Dataset excerpts:
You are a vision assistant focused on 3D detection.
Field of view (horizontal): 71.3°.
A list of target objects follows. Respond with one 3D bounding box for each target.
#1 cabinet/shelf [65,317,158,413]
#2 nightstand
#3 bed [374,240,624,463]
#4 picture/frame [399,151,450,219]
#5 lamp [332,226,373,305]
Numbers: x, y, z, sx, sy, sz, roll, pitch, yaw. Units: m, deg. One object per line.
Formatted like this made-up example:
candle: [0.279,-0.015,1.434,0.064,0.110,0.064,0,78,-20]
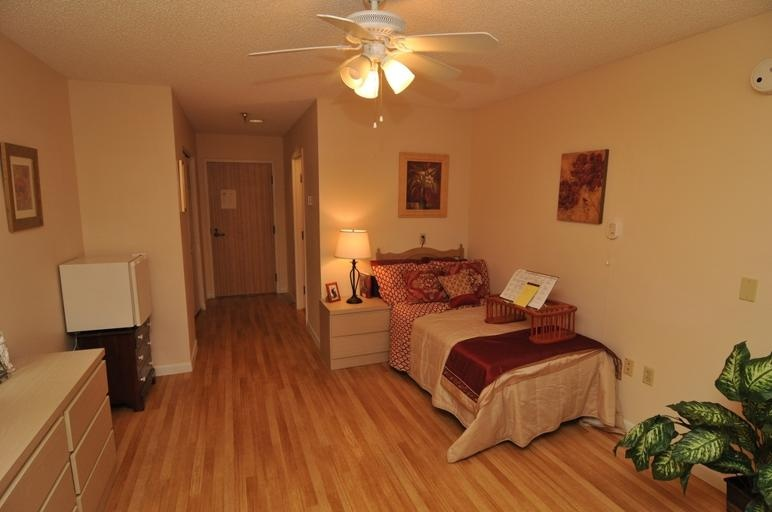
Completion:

Action item: The answer is the whole listing above, written out verbatim, without its pictures.

Written solution:
You are a vision assistant focused on 3D detection.
Field of view (horizontal): 71.3°.
A list of target objects follows. Respond with one 3D bounding box for each target.
#1 cabinet/shelf [65,317,158,413]
#2 nightstand
#3 bed [374,240,624,463]
#4 picture/frame [399,151,450,219]
#5 lamp [332,226,373,305]
Numbers: x, y, z, sx, sy, sz, roll, pitch, yaw. Units: m, deg. One object per line.
Formatted like this made-up example:
candle: [0.279,-0.015,1.434,0.064,0.110,0.064,0,78,-20]
Completion:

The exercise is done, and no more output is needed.